:: TASK ::
Could you repeat the records below exactly, without the pictures?

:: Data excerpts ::
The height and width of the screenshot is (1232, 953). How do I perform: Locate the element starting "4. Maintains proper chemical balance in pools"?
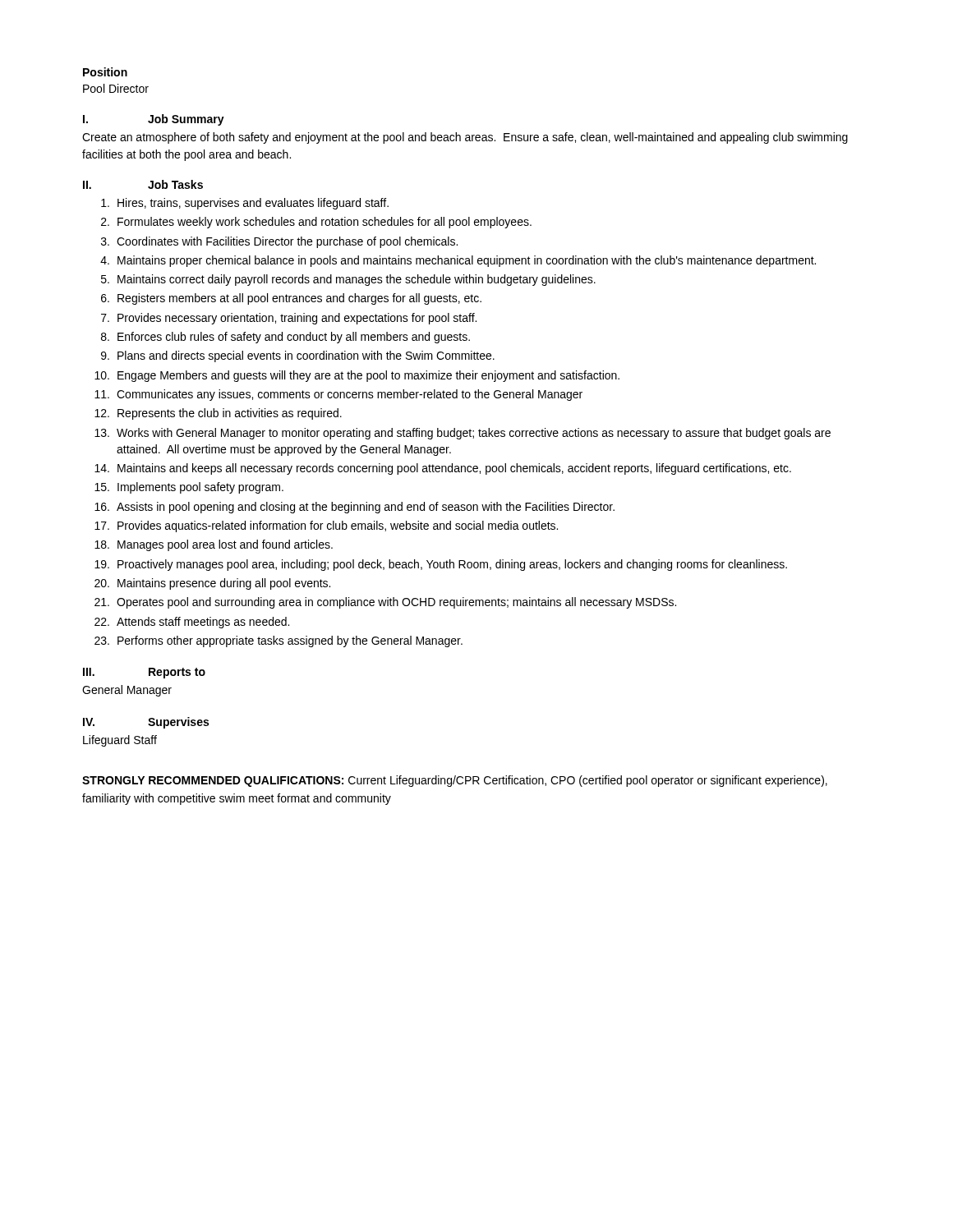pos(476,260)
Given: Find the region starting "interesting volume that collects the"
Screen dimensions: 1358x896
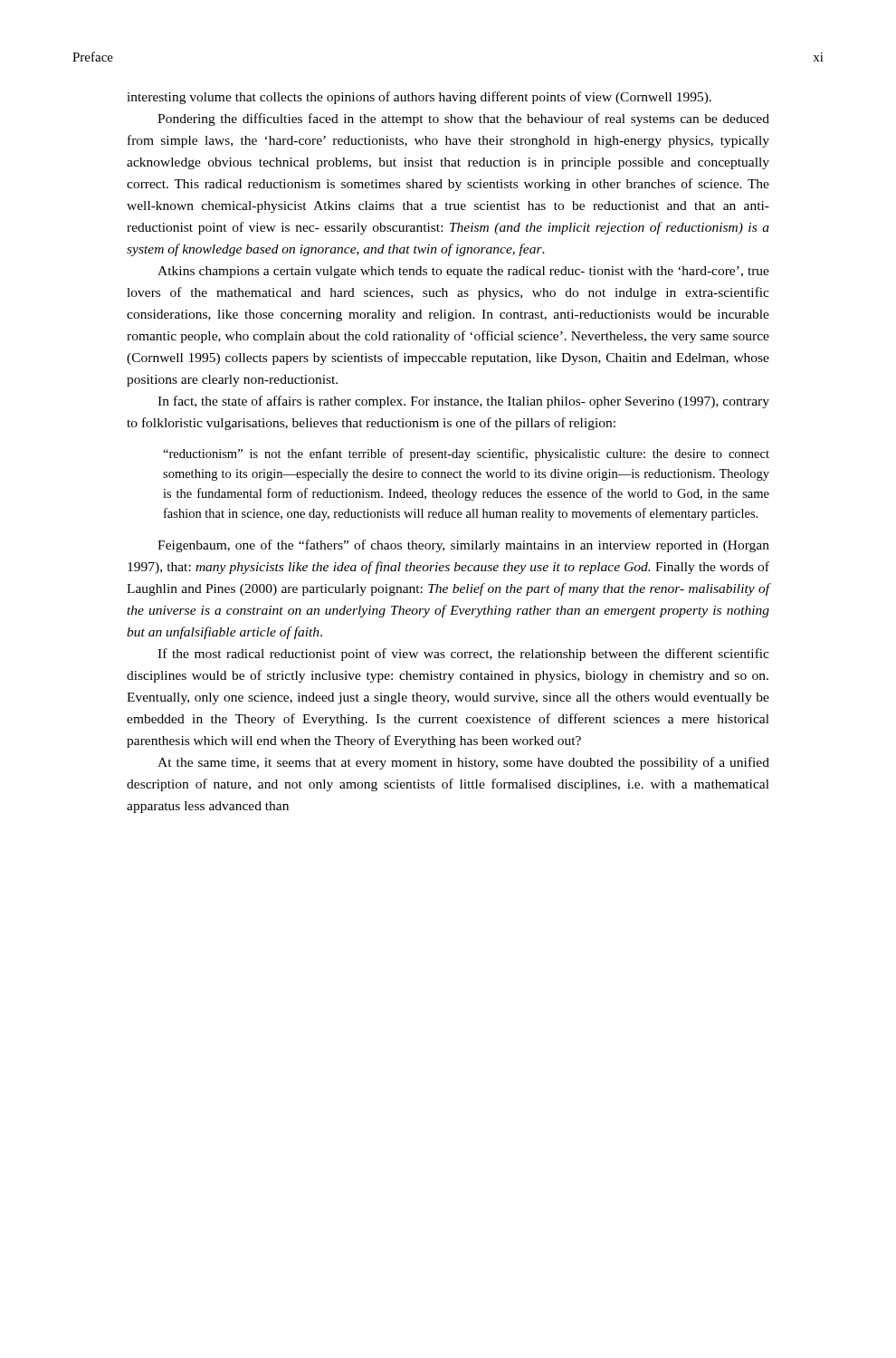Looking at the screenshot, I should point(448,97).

:: OUTPUT FOR THIS TASK ::
The height and width of the screenshot is (1232, 953). How do I perform: Locate the element starting "4. Maintains proper chemical balance in pools"?
pos(476,260)
Given: Find the region starting "interesting volume that collects the"
Screen dimensions: 1358x896
Looking at the screenshot, I should point(448,97).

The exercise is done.